# Log Scale

In the lab, you will improve your model performance by transforming the label to log scale, predicting on log scale, then exponentiating to evaluate the result. 

In [0]:
filePath = "/databricks-datasets/learning-spark-v2/sf-airbnb/sf-airbnb-clean.parquet"
airbnbDF = spark.read.parquet(filePath)
(trainDF, testDF) = airbnbDF.randomSplit([.8, .2], seed=42)

In [0]:
from pyspark.sql.functions import col, log
from pyspark.ml import Pipeline
from pyspark.ml.feature import RFormula
from pyspark.ml.regression import LinearRegression

logTrainDF = trainDF.withColumn("log_price", log(col("price")))
logTestDF = testDF.withColumn("log_price", log(col("price")))

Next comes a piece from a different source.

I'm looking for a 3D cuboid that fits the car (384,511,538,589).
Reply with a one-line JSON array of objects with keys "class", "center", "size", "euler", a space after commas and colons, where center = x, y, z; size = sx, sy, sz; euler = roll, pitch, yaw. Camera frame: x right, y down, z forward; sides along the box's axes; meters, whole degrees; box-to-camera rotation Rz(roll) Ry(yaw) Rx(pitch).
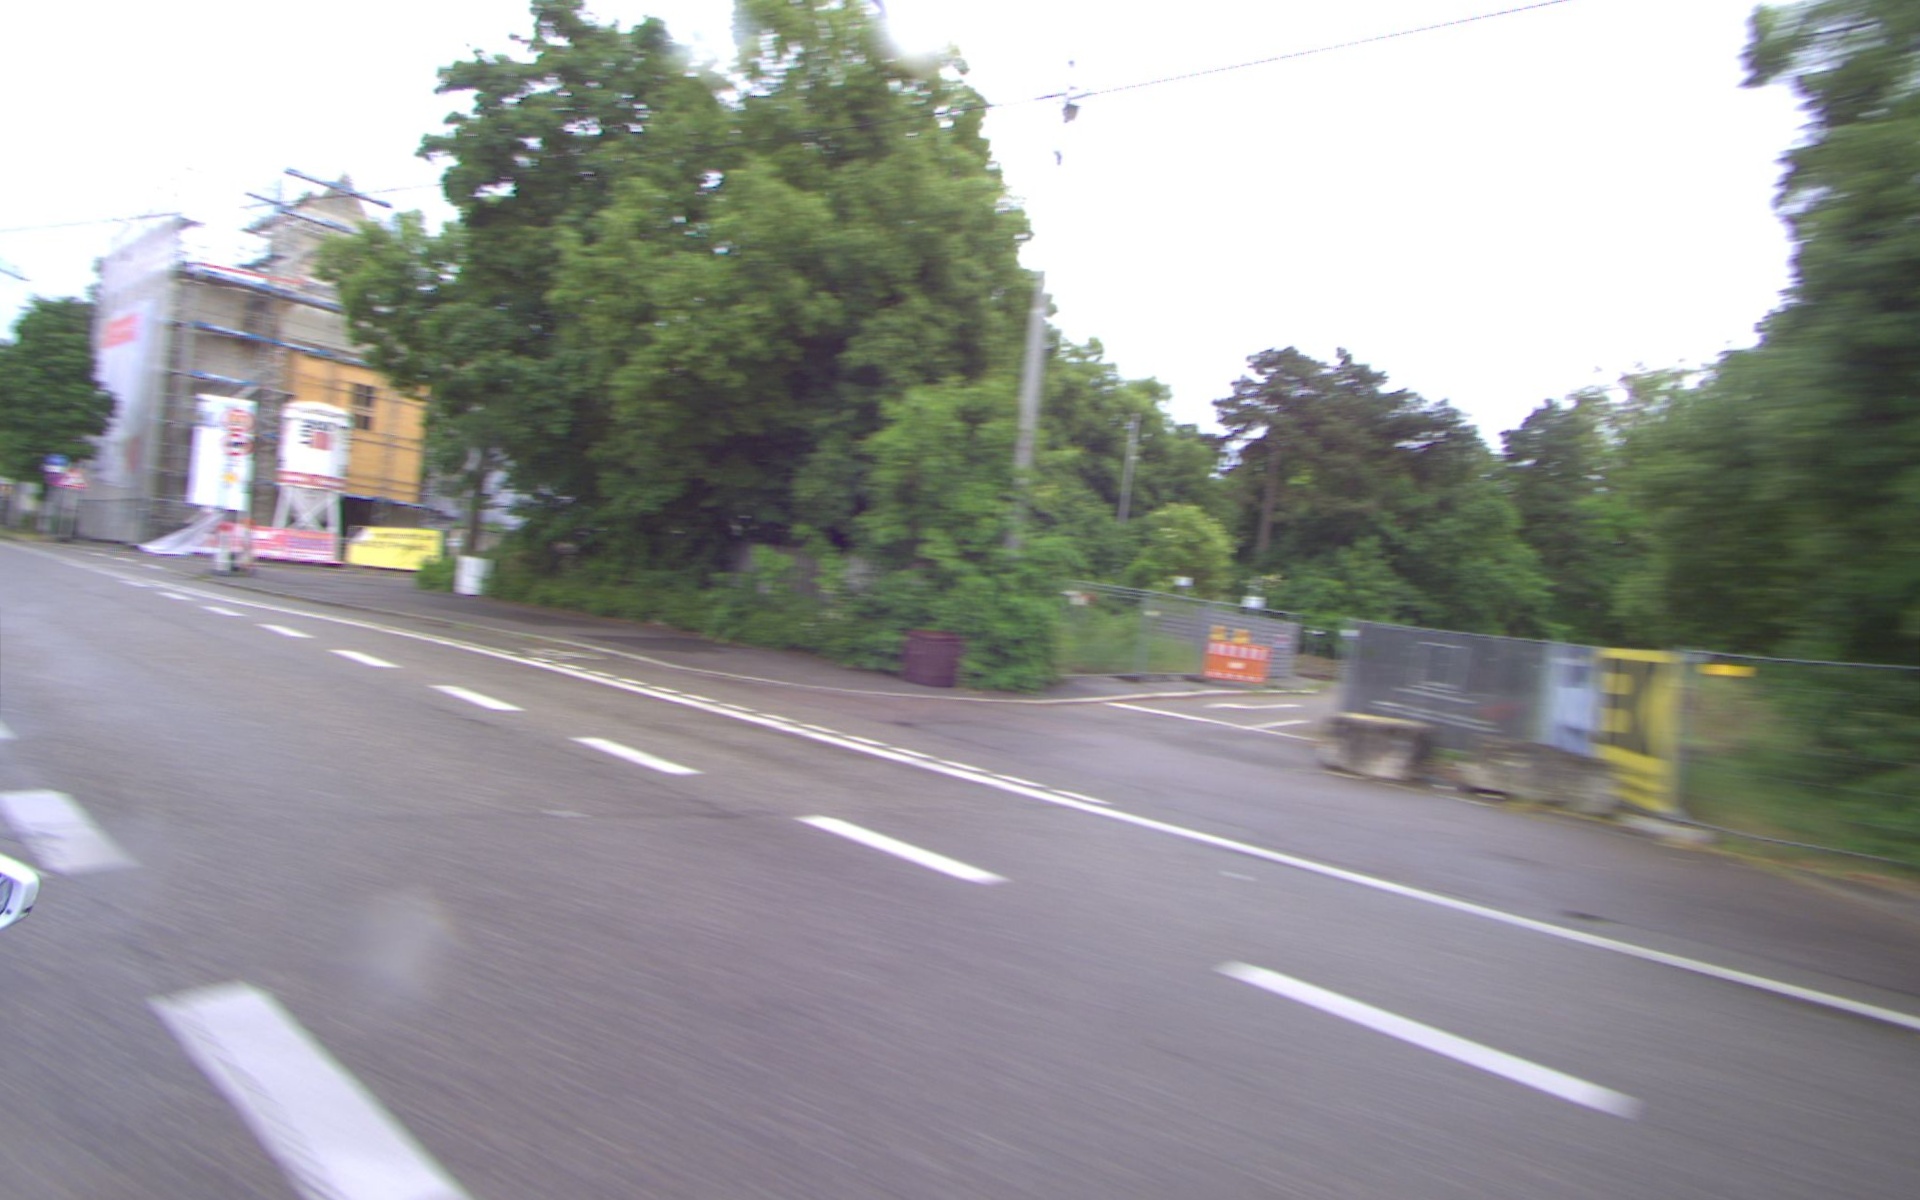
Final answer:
[{"class": "car", "center": [-16.289, -1.603, 33.026], "size": [3.929, 2.039, 1.997], "euler": [7, 1, -5]}]

rFormula = RFormula(formula="log_price ~ . - price", featuresCol="features", labelCol="log_price", handleInvalid="skip") 

lr = LinearRegression(labelCol="log_price", predictionCol="log_pred")
pipeline = Pipeline(stages = [rFormula, lr])
pipelineModel = pipeline.fit(logTrainDF)
predDF = pipelineModel.transform(logTestDF)

## Exponentiate

In order to interpret our RMSE, we need to convert our predictions back from logarithmic scale.

In [0]:
from pyspark.ml.evaluation import RegressionEvaluator
from pyspark.sql.functions import col, exp

expDF = predDF.withColumn("prediction", exp(col("log_pred")))

regressionEvaluator = RegressionEvaluator(labelCol="price", predictionCol="prediction")
rmse = regressionEvaluator.setMetricName("rmse").evaluate(expDF)
r2 = regressionEvaluator.setMetricName("r2").evaluate(expDF)
print(f"RMSE is {rmse}")
print(f"R2 is {r2}")